Trying to Understand the Meaning of Transitivity in Relation to a Particular Problem

Question

I was trying to understand transitive relation and so I was solving a problem. The question is : $R_1 = \{(a,b)| a =b \text{ or }a = -b\} , R_2 = \{(a,b)| a =b \}, R_3 = \{(a,b)| a =b+1\}$, which one is transitive and why?

As far as I know transitive relation is, if $a>b$ and if $b > c$, then $a> c$. I am assuming that the given a and b are real numbers but I am not sure where I will get C so that I can show that which one is transitive.

I saw many youtube tutorials and read my book but I am very confused with this math.

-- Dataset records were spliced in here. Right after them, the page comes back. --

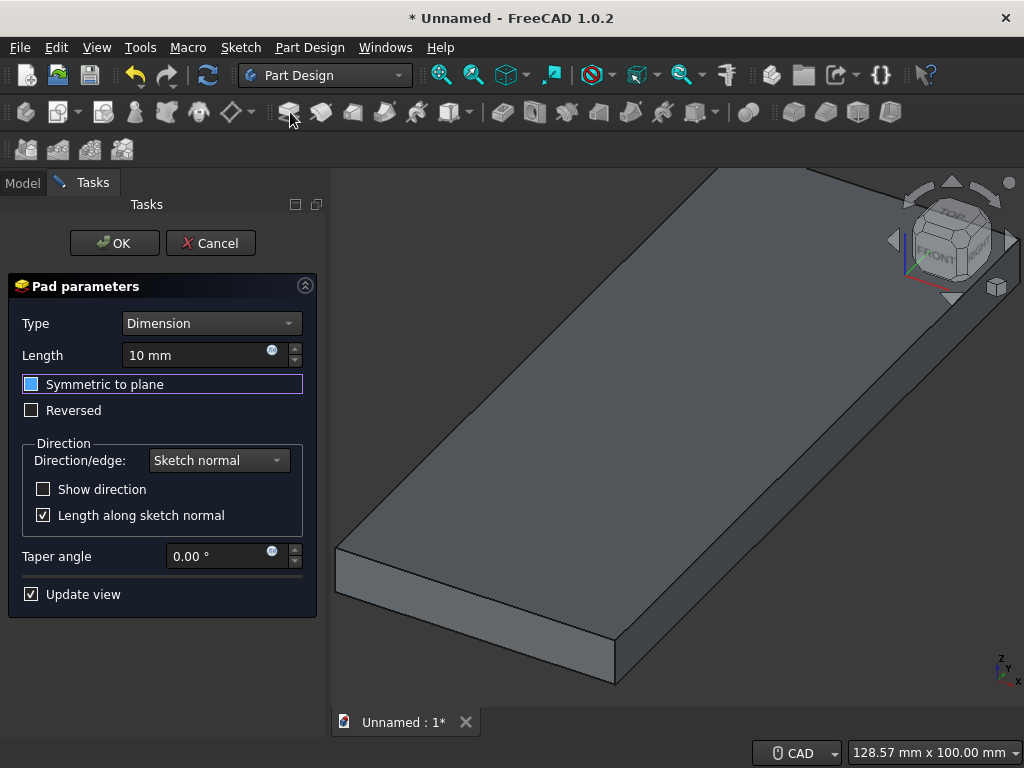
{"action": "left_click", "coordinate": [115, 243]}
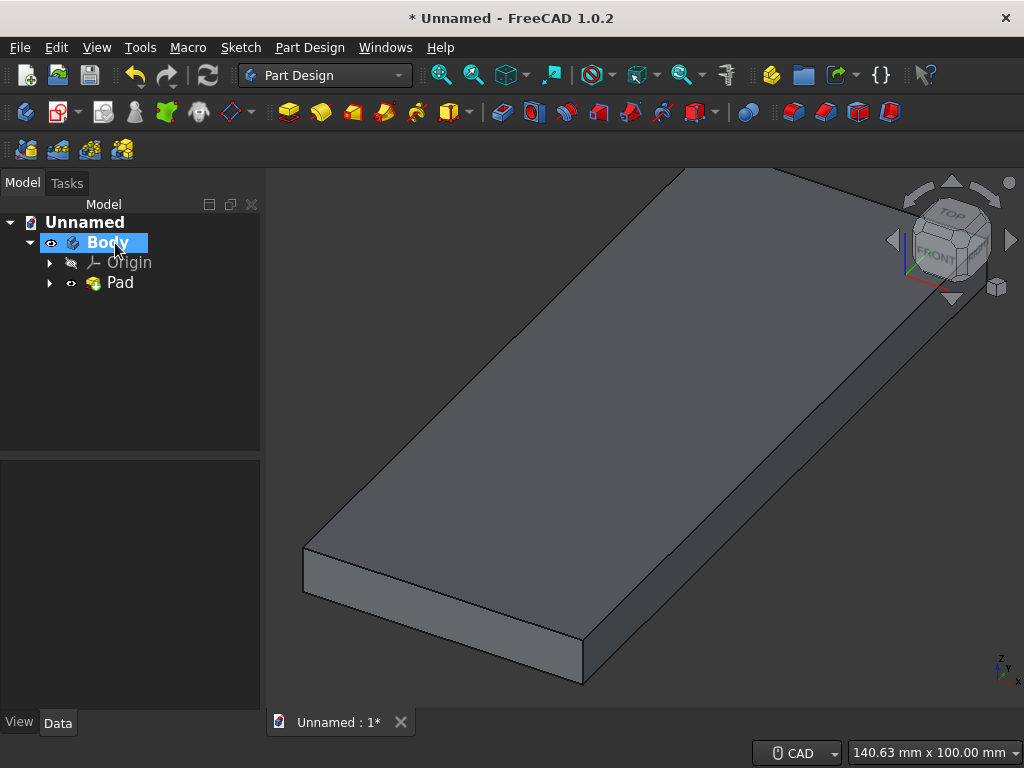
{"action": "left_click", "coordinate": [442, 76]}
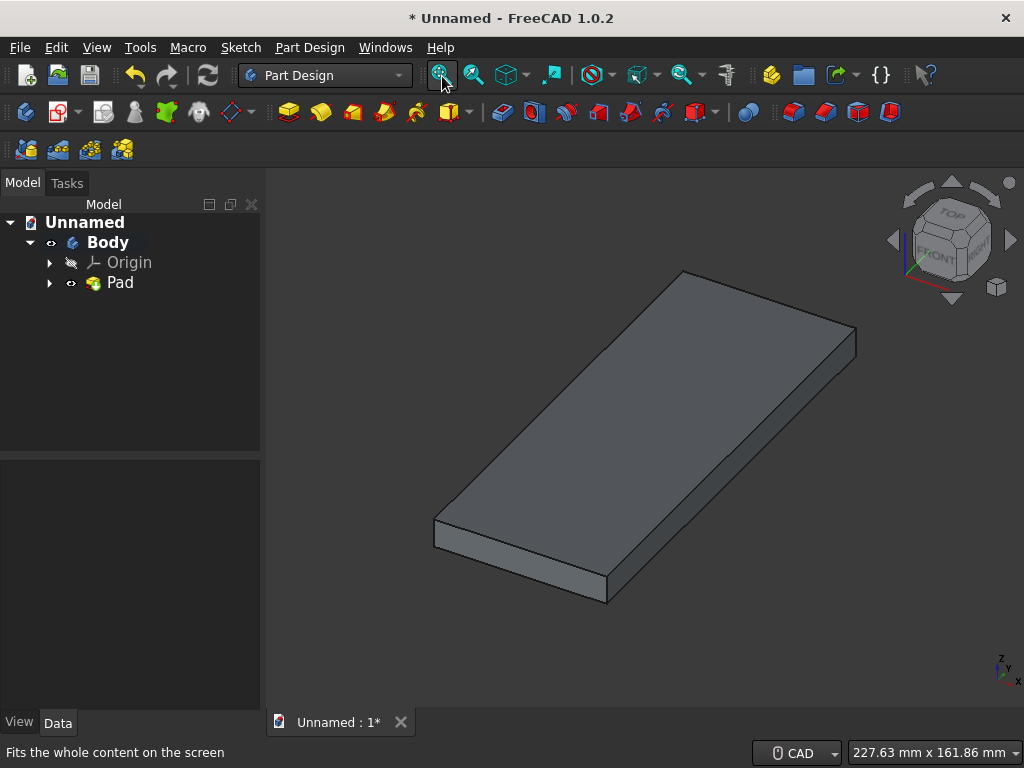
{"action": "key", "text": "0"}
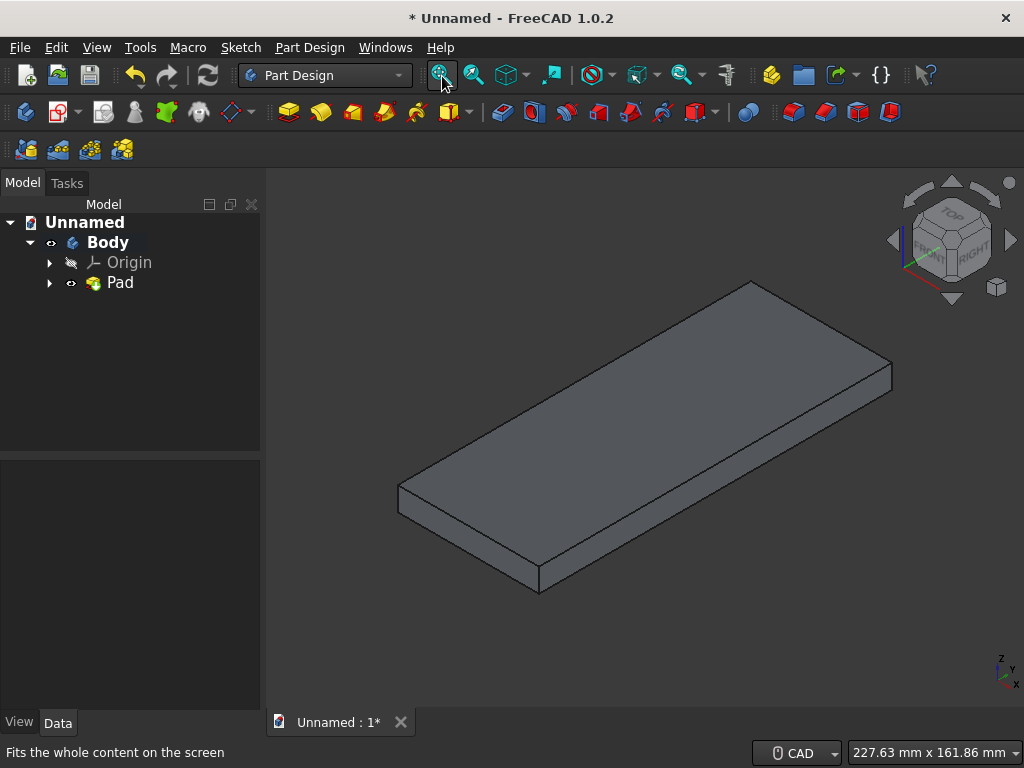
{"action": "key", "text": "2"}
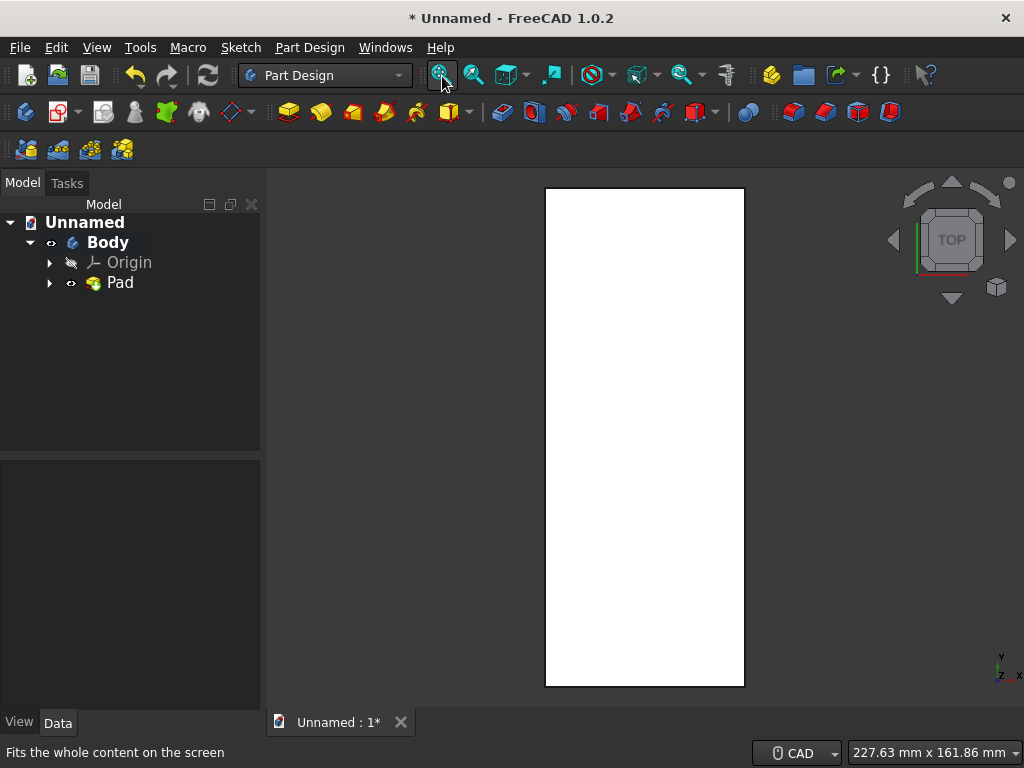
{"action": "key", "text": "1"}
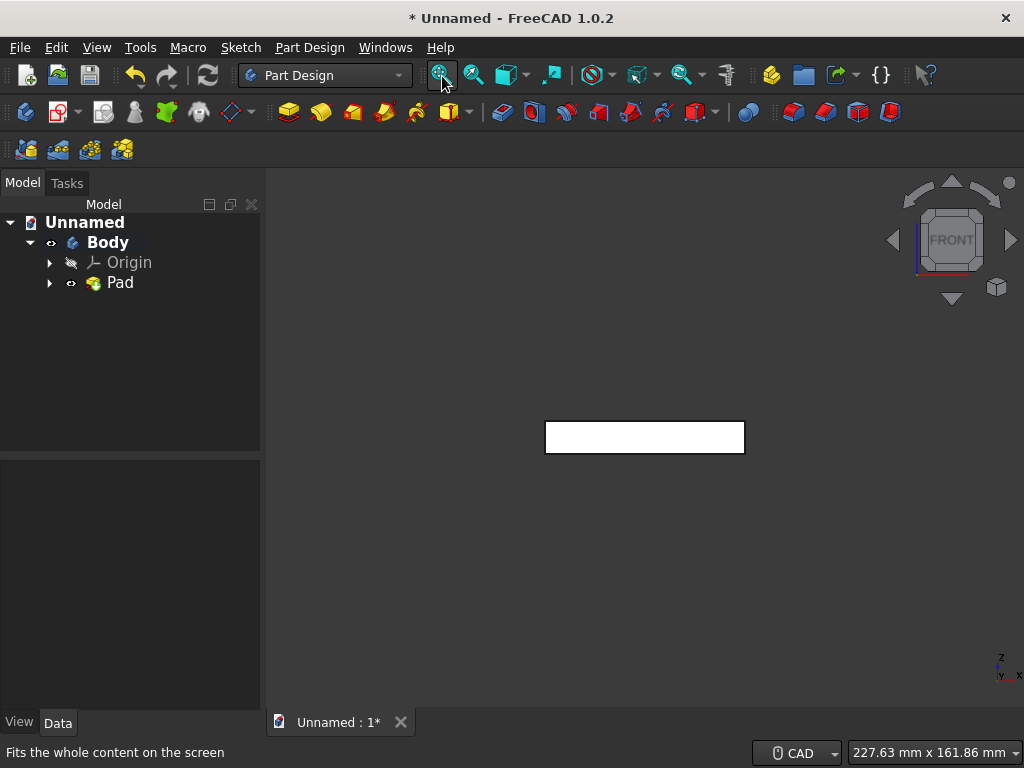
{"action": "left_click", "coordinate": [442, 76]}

I am new in this topic. It will be really helpful if someone can please explain how can I solve this problem.

Thank you very much.

Answer 1

Relations are just collections of ordered pairs. For example, a relation on the set of real numbers $\mathbb{R}$ would be $(x,y)$ pairs. Formally, a relation on a set $S$ is simply some subset of the cartesian product $R \subseteq S \times S$. We say a relation $R$ is transitive if whenever the pairs $(a,b), (b,c) \in R$ then $(a,c) \in R$ as well. In the first relation, if we know $(a,b), (b,c) \in R_1$, then we know either $a = b$ or $a = -b$. Similarly, either $b = c$ or $b = -c$. Clearly this implies either $a = c$ or $a = -c$ as we know the magnitudes of a,b,c must be the same. Thus $(a,c) \in R_1$ and the relation is transitive.

Answer 2

$R_2$ is the identity relation. Or simply, the equality $=$ is transitive. That is, if $(a,b)$ and $(b,c)$ are the both in $R_2$, then $a=b$ and $b=c$. Thus $a=c$, i.e. $(a,c)\in R_2$.

Answer 3

Try replacing, for example, your $a \gt b$ with $\{a,b\} \in R_1$, $b \gt c$ with $\{b,c\} \in R_1$ and $a \gt c$ with $\{a,c\} \in R_1$. Then replace $R_1$ with $R_2$ and $R_3$ to see for which of these the first $2$ statements (e.g., if $\{a,b\} \in R_1$ and $\{b,c\} \in R_1$) means the third one must hold as well (e.g., $\{a,c\} \in R_1$).

If you do this, you should find that $R_1$ and $R_2$ are transitive, while $R_3$ is not (because $a = b + 1$ and $b = c + 1$ means $a = c + 2$, not $a = c + 1$). Can you finish the rest yourself?